Betsy is the sweetest little hen. I take her to preschools and forty children line up to pet her. See? I don’t even have to hold her. She sits in my lap.

But, Betsy has been crazy-broody. Angry, raspy-voiced, flattened in the nesting box broody. It’s been hot. I’ve ignored her. Which was a mistake.

Animals have the uncanny ability to get into trouble when you are running out the door and don’t have time to deal with them. Yesterday, about ten minutes before I had to pick my son up at school, I checked on the flock. It was hot and I wanted to make sure there was enough water. Betsy, in her bad, shove everyone out of her box mood, had stomped on eggs (that other hens laid that day) smashing them. Once broken, she recognized the eggs for what they are, food. By the time I looked in, her white breast was shellacked bright yellow with dried-up yolk. It looked like half of her had been coated with a thick coat of paint. On a humid, very hot day, this could be lethal. I scooped her up and hurried over to the outside faucet. I held her chest under running water, working the baked-on yolk off bit by bit. It certainly brought her elevated broody body temperature down! I now had about three minutes before I had to pick up my son. I tossed Betsy in the broody coop, gave her some fresh water and headed out.

A few hours later, back home, I checked on Betsy. Despite the 90º temperature the air was so humid that she was yet to dry. Thunderstorms threatened. So, instead of making dinner, I brought her inside, got out the hair dryer, and went to work. Her crop was the size of a golf ball. On a tiny bantam, that is way too huge.

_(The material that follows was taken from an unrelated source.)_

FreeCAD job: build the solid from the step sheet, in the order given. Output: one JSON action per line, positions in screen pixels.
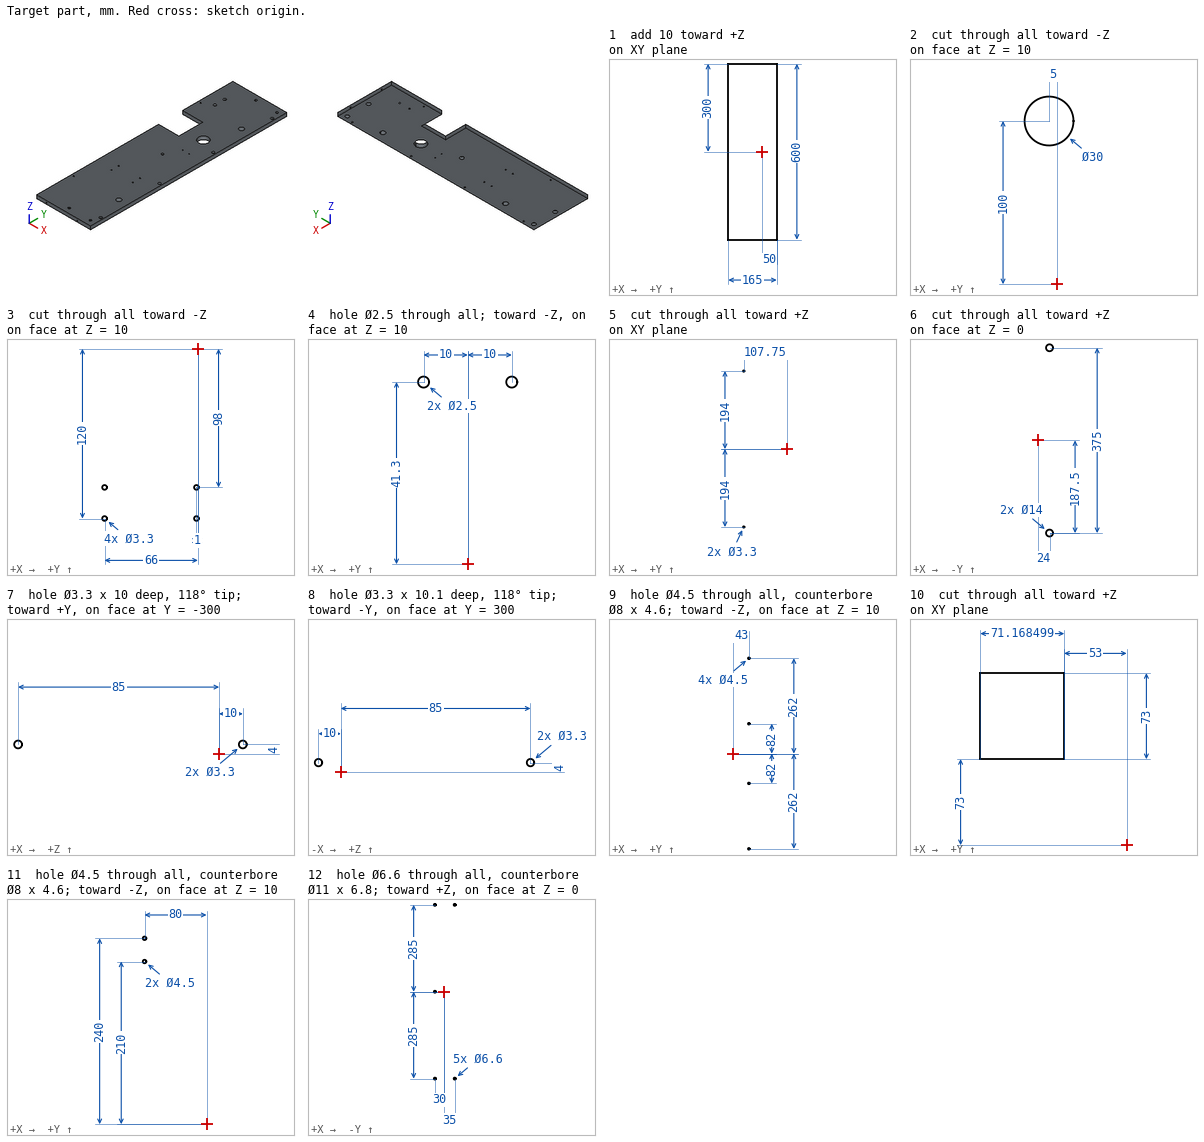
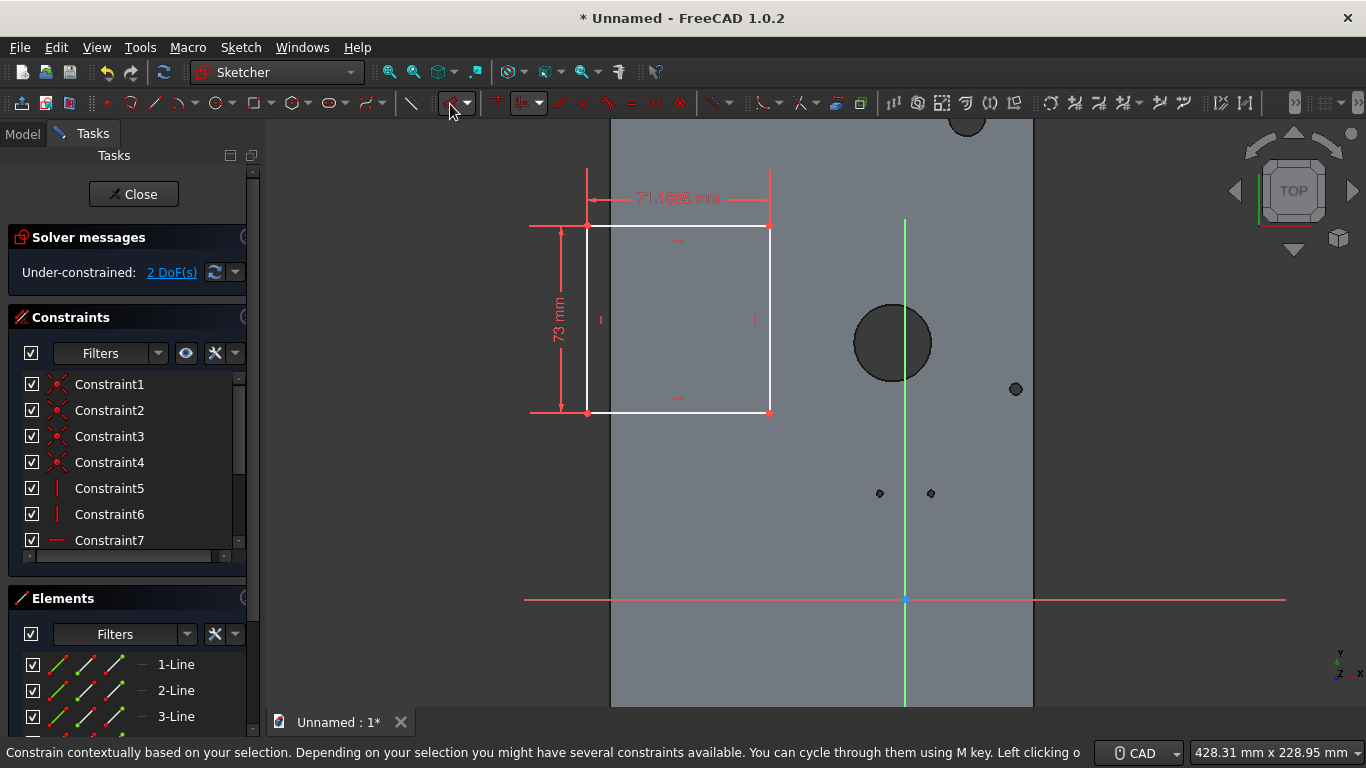
{"action": "left_click", "coordinate": [587, 413]}
{"action": "left_click", "coordinate": [939, 507]}

I could feel sharp bits of egg shell in it. Now I was worried about impaction. So, I mixed some canola oil and yogurt and offered it to her. Betsy is a hen who is usually eager to eat and is used to being fed from my hand. She was too stuffed to even peck. I dipped her beak in the concoction and she swallowed a little.

I finished the blow drying and put Betsy back in the coop just as the storm hit. It was raining buckets. Even running as fast as I could back to the house, I got soaked.

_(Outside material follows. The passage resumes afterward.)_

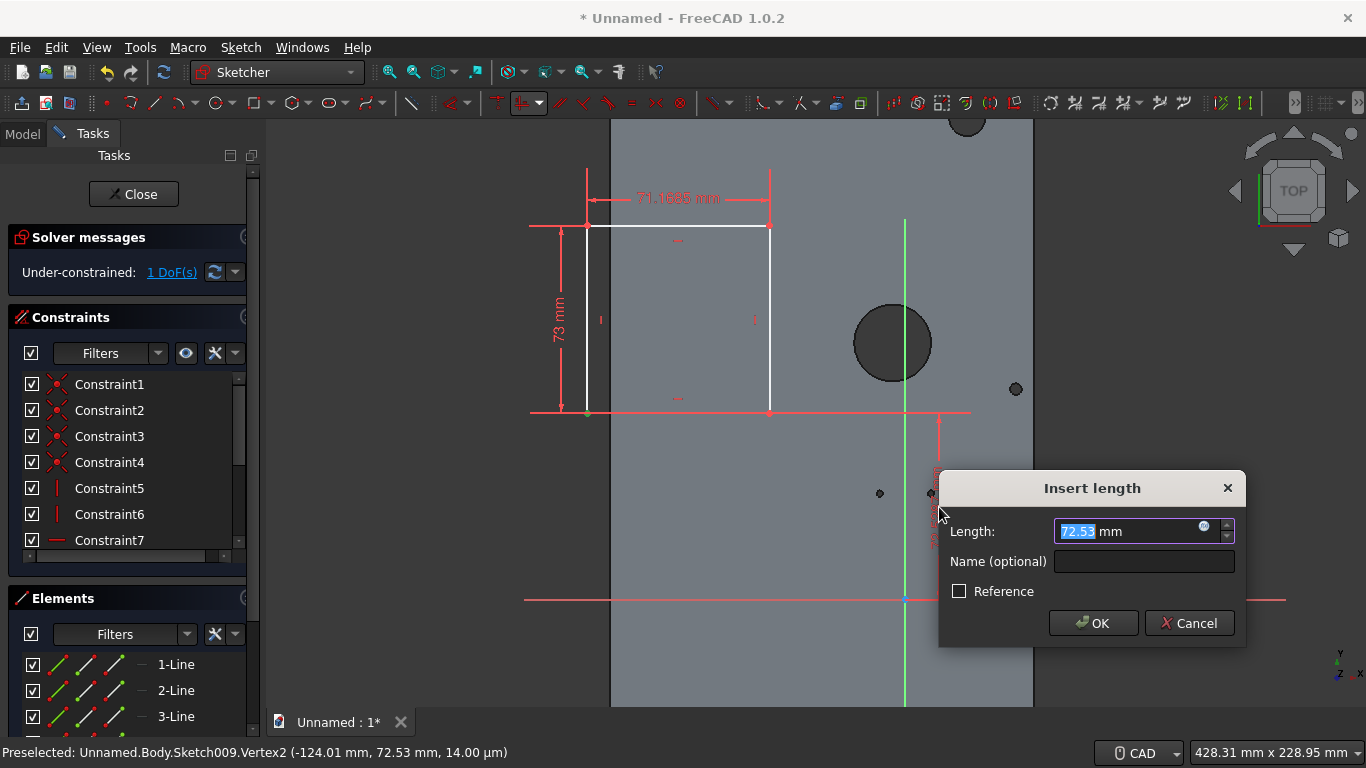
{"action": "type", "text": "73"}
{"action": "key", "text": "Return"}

This morning Betsy was put right back in the broody coop. She has water and a small piece of watermelon. She doesn’t have any other food – her crop is getting smaller but it’s still full enough. I know she’s fine. She’s pooping and she’s glaring at me.

I’m hoping it’ll be only two more days before she back to her sweet self. I’m also hoping she’ll forget about the egg eating. When werewolves turn back into people they forget their evil ways, right?

Comments:

    • Yes, she is! When you buy from a dedicated breeder, this is the quality that you can get. I bought her and Coco from Don Nelson, in Rhode Island. He’s a poultry judge and he breeds bantam white leghorns. Coco is even typier than Betsy!

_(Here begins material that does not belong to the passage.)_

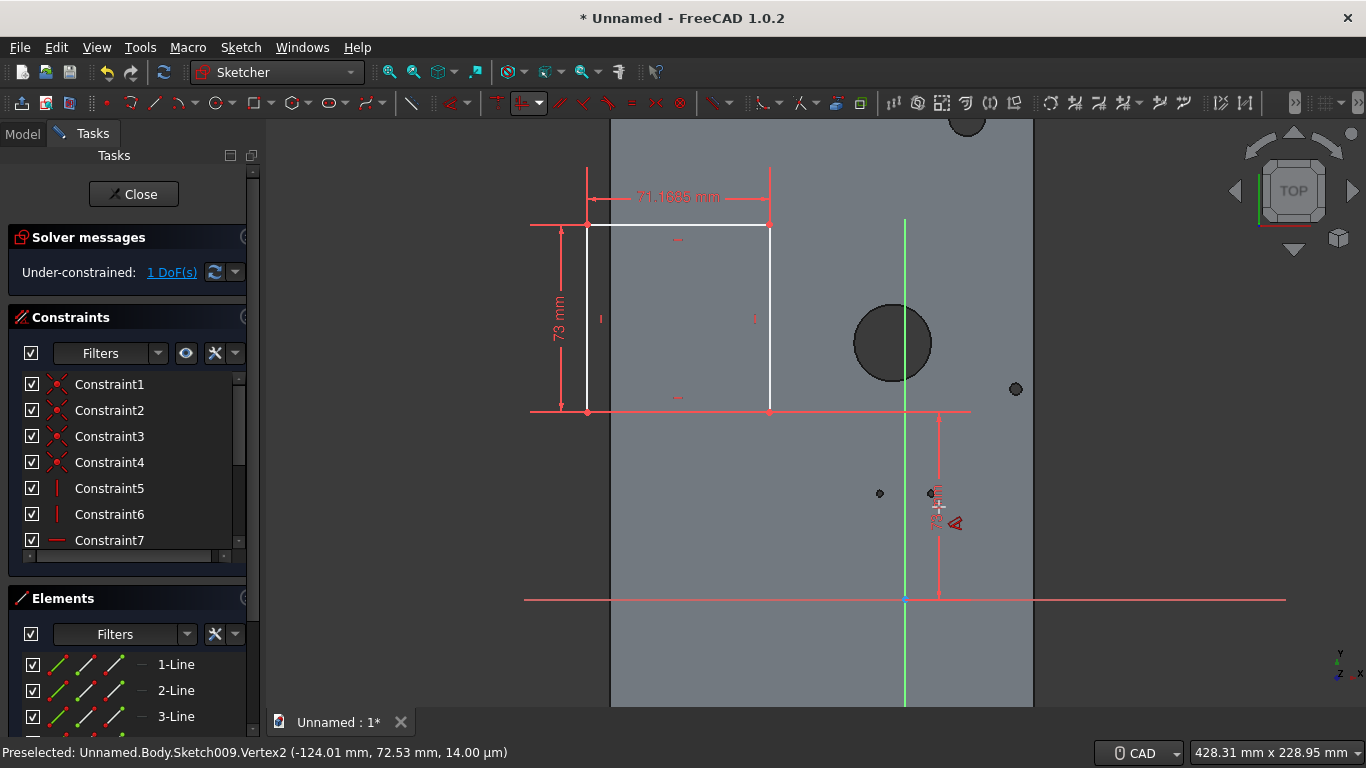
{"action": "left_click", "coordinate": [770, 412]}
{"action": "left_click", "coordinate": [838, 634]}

  1. How can something so small and normally so loveable be such a worry… and such a crab? Hope your little darlin’ is feeling better and more herself soon. I’ve got a bantam RIR who lays for 2 weeks,goes broody for 2 weeks, lays for 2 weeks, continue until molt in fall then lay nothing till spring. If she weren’t so darned cute I’d replace her with something that produces regularly for me. Currently she’s just walking around doing that annoying/annoyed bock bock and all the other girls are looking fed up with her. She’s not hogging the nest, yet, so do I put her in the isolation chamber now or wait till she’s nest-bound? I usually wait and she’s herself in 3-4 days.

    • These little ones go broody a lot, don’t they! I’m waiting for Coco to go broody again… I wouldn’t use the broody coop until she’s full-out broody. That is, if the other hens can put up with her!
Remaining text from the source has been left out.